I am very aware that hearing this stuff is scary for women. We had to strike a balance between informing women - and medical professionals! - of the risk, and making it really clear that while it's pretty common to have a defect in a C-section scar, and we think about one in three will cause abnormal bleeding and spotting, it's rare for them to cause infertility. I drove myself a bit mad trying to find evidence of a percentage figure but we don't have that data. 

So much about infertility is so complicated but these defects are simple and easy to fix. People just need to know to look for them.

So right now I want women to feel empowered to challenge their doctors and push for the checks that might help them have a baby. They can do what one woman in my story did and print out the journal articles and shove them in their doctor's faces. I actually really hope they do.

I want doctors to take these women seriously when they show up with unexplained infertility after a C-section – even if they don't have weird bleeding or pain, because defects can cause infertility without any other symptoms. Refer her, early. Please.

I want the RANZCOG to get moving on drawing up their official guidelines for diagnosis and treatment, so that the District Health Boards might add a couple of lines to their brochures about defects.

So when you leave hospital after a C-section you get a brochure to take home about what you can and can't do and what your next birth might be like, but there's nothing in there about being on the lookout for infertility and defects, and the symptoms to look out for, and there should be. All the medical experts I talked to support me on that.
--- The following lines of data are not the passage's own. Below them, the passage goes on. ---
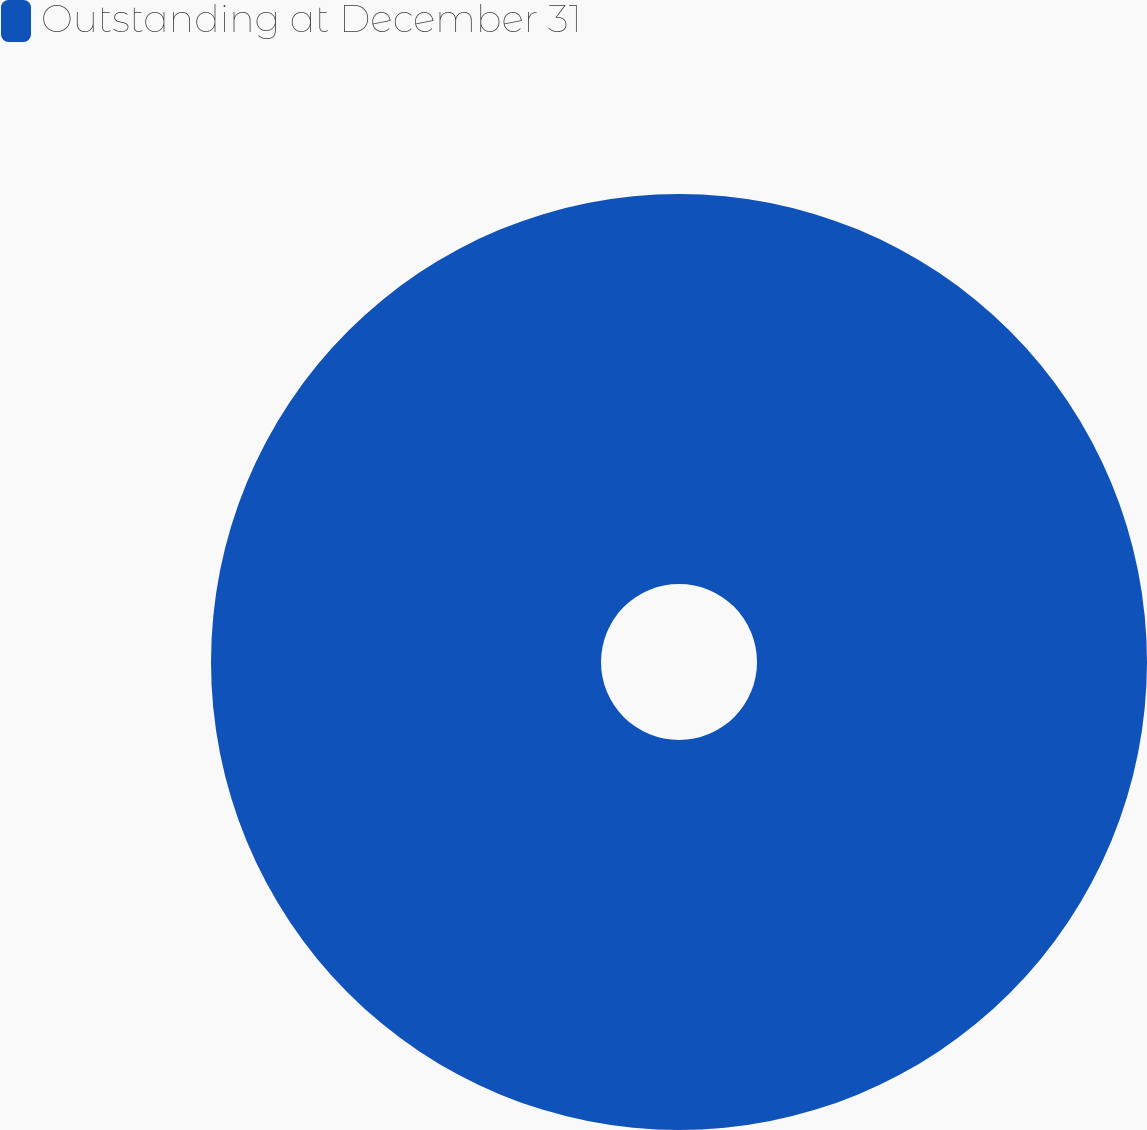Convert chart to OTSL. <chart><loc_0><loc_0><loc_500><loc_500><pie_chart><fcel>Outstanding at December 31<nl><fcel>100.0%<nl></chart> 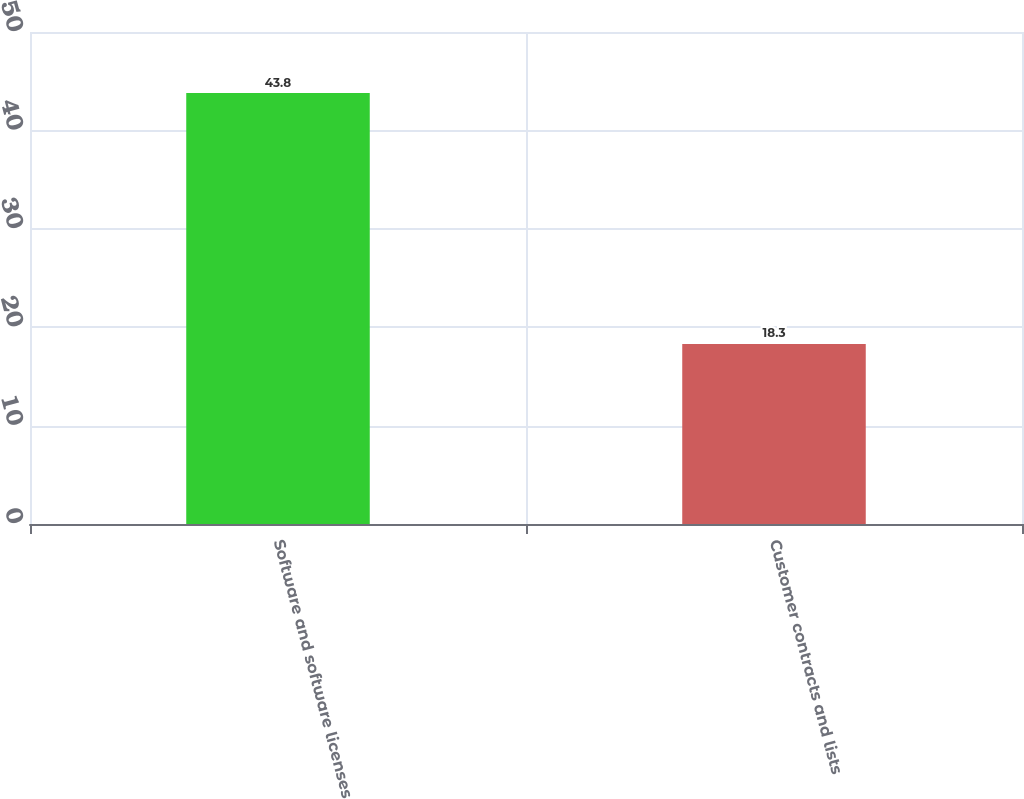<chart> <loc_0><loc_0><loc_500><loc_500><bar_chart><fcel>Software and software licenses<fcel>Customer contracts and lists<nl><fcel>43.8<fcel>18.3<nl></chart> 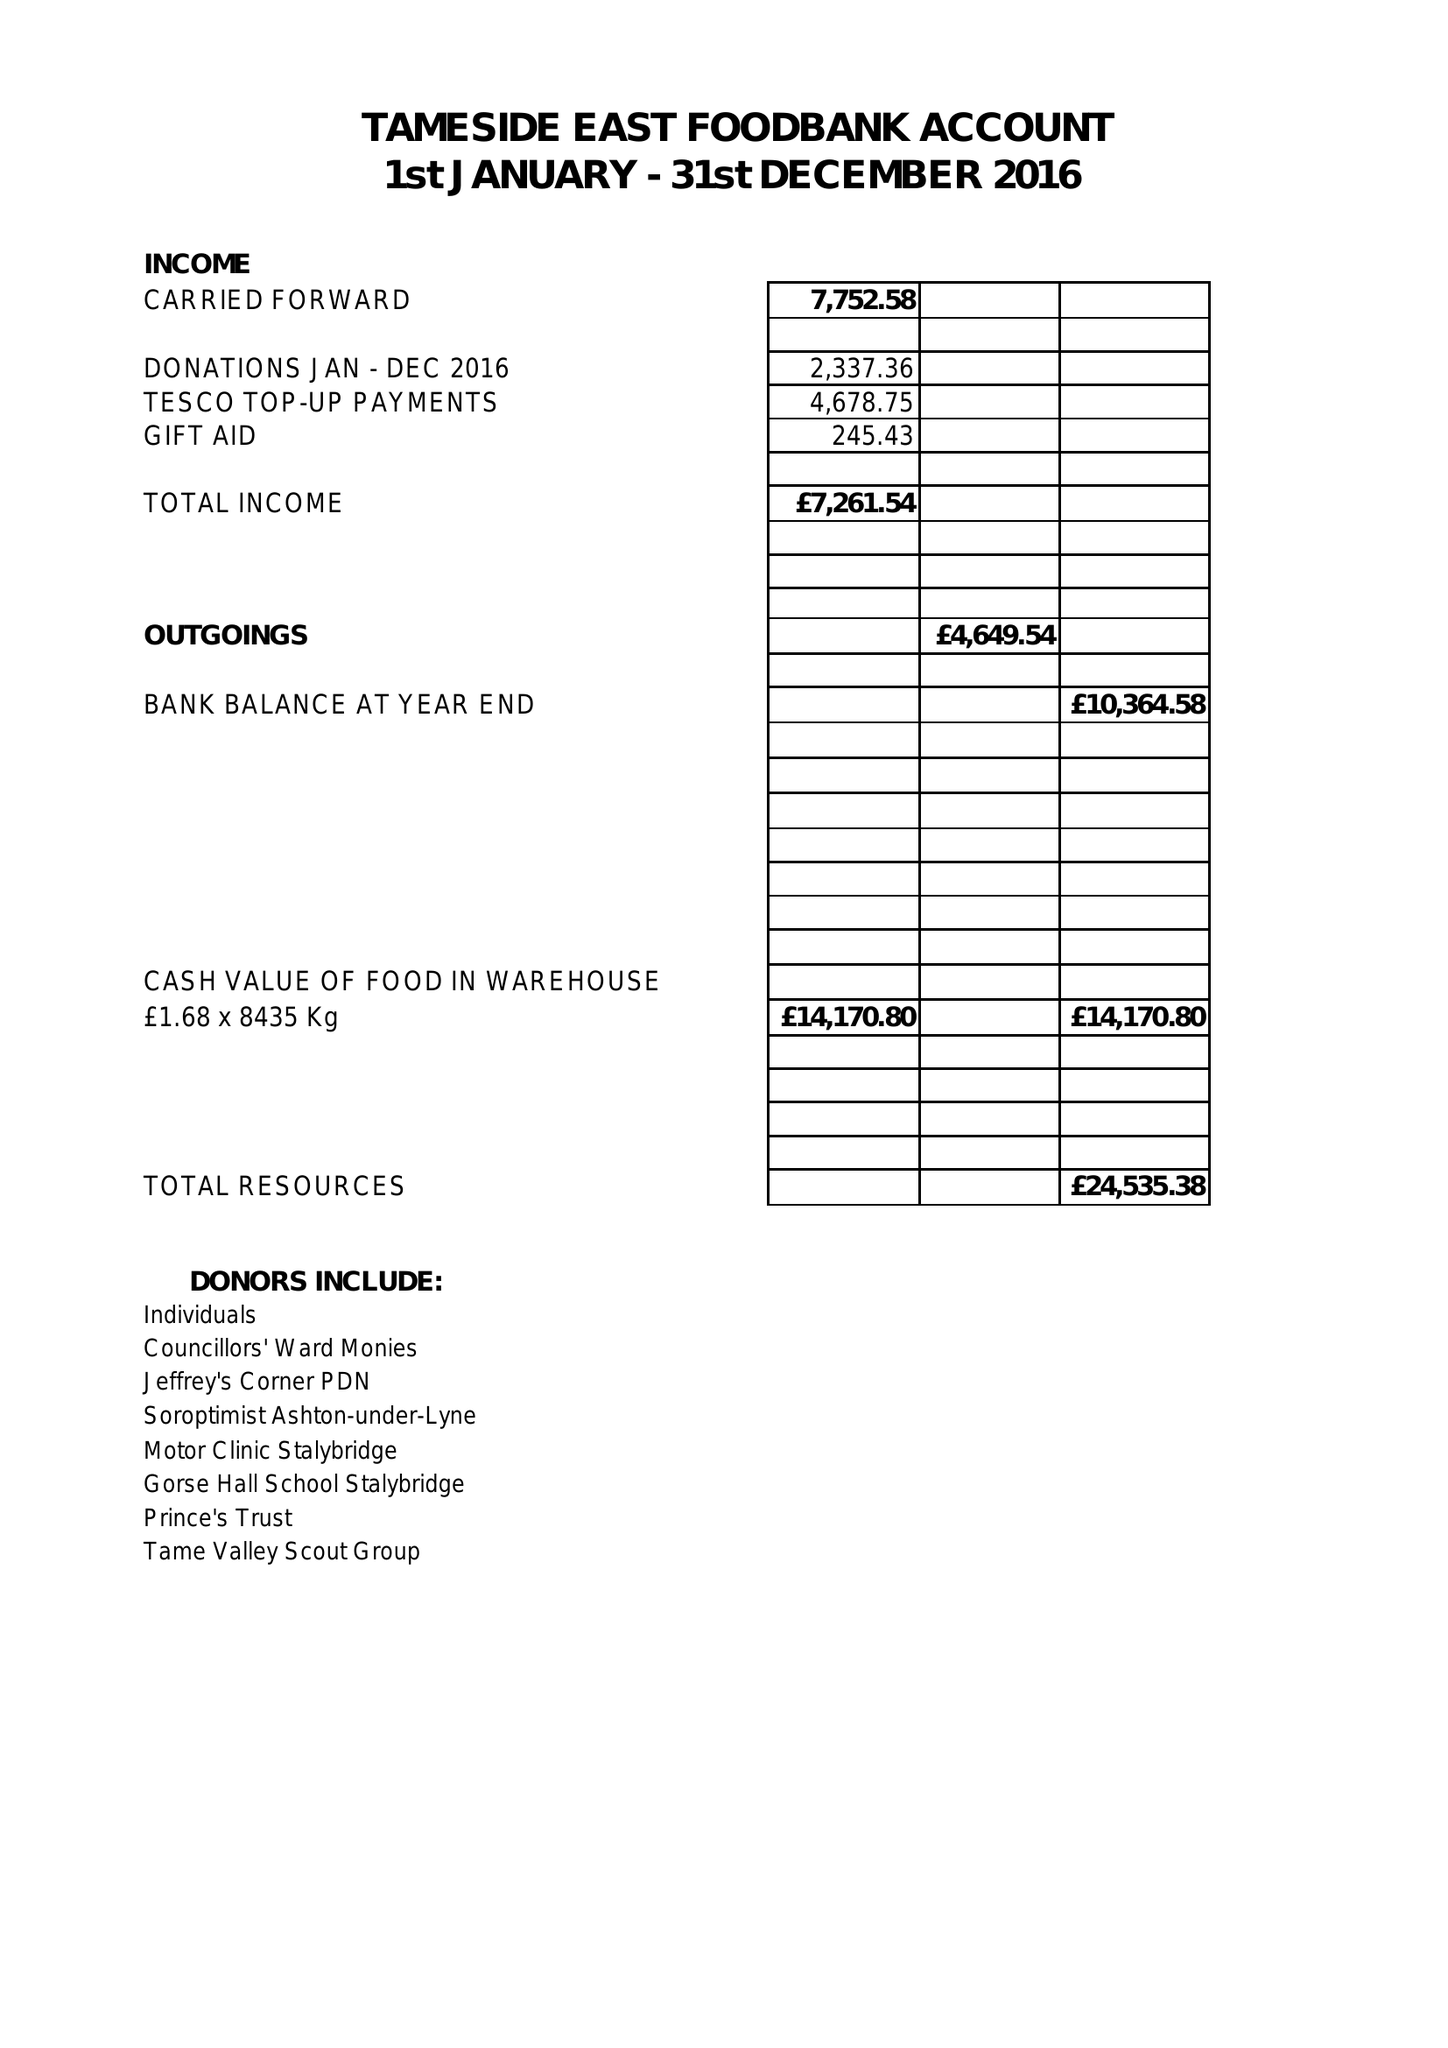What is the value for the report_date?
Answer the question using a single word or phrase. 2016-12-31 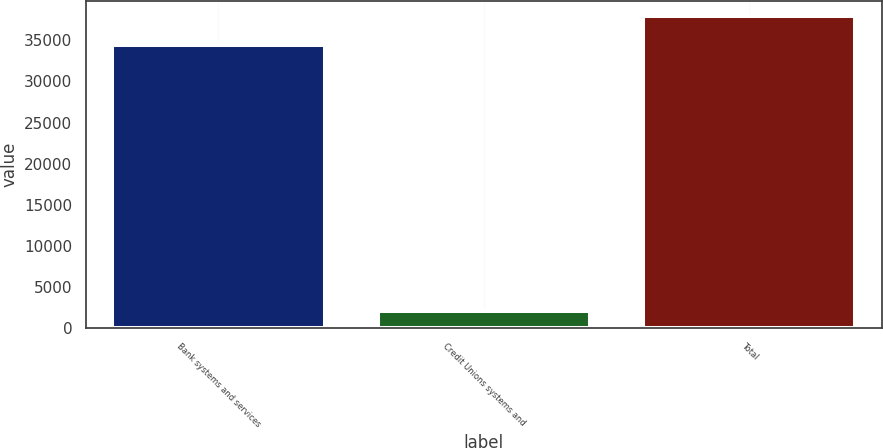Convert chart to OTSL. <chart><loc_0><loc_0><loc_500><loc_500><bar_chart><fcel>Bank systems and services<fcel>Credit Unions systems and<fcel>Total<nl><fcel>34497<fcel>2092<fcel>37946.7<nl></chart> 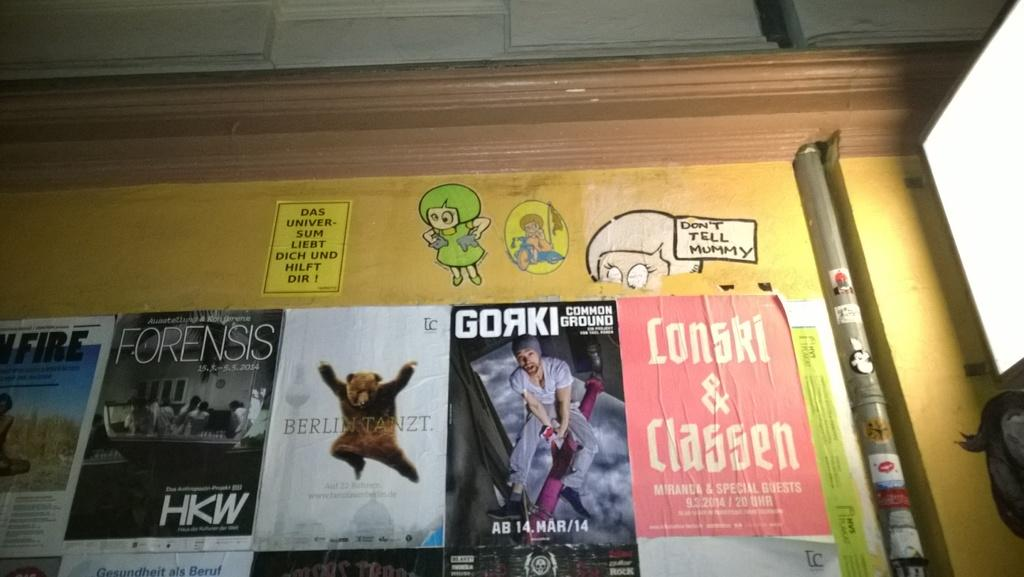<image>
Relay a brief, clear account of the picture shown. The inside of a drawer with a sticker that says Gorki. 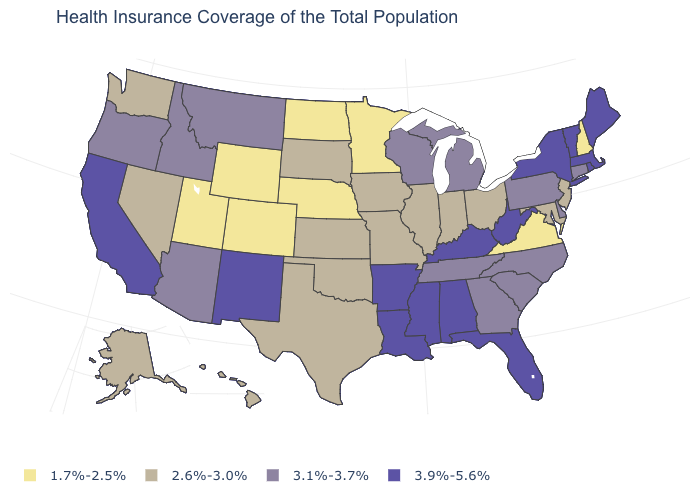What is the value of Massachusetts?
Give a very brief answer. 3.9%-5.6%. What is the value of New York?
Give a very brief answer. 3.9%-5.6%. Does Vermont have the same value as West Virginia?
Be succinct. Yes. What is the value of Maine?
Answer briefly. 3.9%-5.6%. Does Indiana have a higher value than Idaho?
Keep it brief. No. What is the highest value in the Northeast ?
Give a very brief answer. 3.9%-5.6%. Name the states that have a value in the range 2.6%-3.0%?
Quick response, please. Alaska, Hawaii, Illinois, Indiana, Iowa, Kansas, Maryland, Missouri, Nevada, New Jersey, Ohio, Oklahoma, South Dakota, Texas, Washington. Does Mississippi have the highest value in the South?
Answer briefly. Yes. Name the states that have a value in the range 3.9%-5.6%?
Keep it brief. Alabama, Arkansas, California, Florida, Kentucky, Louisiana, Maine, Massachusetts, Mississippi, New Mexico, New York, Rhode Island, Vermont, West Virginia. What is the value of Illinois?
Quick response, please. 2.6%-3.0%. What is the value of West Virginia?
Write a very short answer. 3.9%-5.6%. Does South Carolina have the highest value in the South?
Give a very brief answer. No. Among the states that border North Dakota , does Minnesota have the highest value?
Keep it brief. No. Name the states that have a value in the range 3.9%-5.6%?
Keep it brief. Alabama, Arkansas, California, Florida, Kentucky, Louisiana, Maine, Massachusetts, Mississippi, New Mexico, New York, Rhode Island, Vermont, West Virginia. 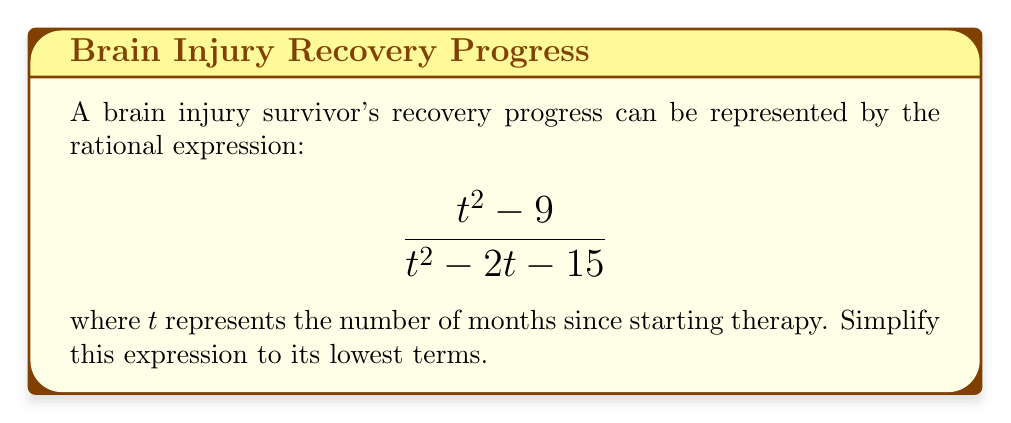Can you answer this question? Let's simplify this rational expression step by step:

The College of Midwives didn't want to be involved in this story and that's fine, but I hope they take it on board and share it at antenatal groups and with the pregnant women they're seeing. For so many women their midwife is their wise one, the person they trust most through birth and all the crazy newborn bits, and I think it's really, really important that midwives share this information with them.

I am absolutely haunted knowing that there will be women out there who have tried and tried and tried for years and never known what was wrong, and now they're too old. And it could've been fixed. They could have had another baby. I cry every time I think about that.

More info on the condition here.

* RANZCOG's Women's Health Committee member Dr Ian Page says there is not enough high-quality evidence for the college to develop guidelines around the defects. Sub-fertility specialists will be aware of the condition, he says. Women who have had a C-section and are struggling to conceive should see their GP, "as there are many other causes of difficulty in conceiving", he says.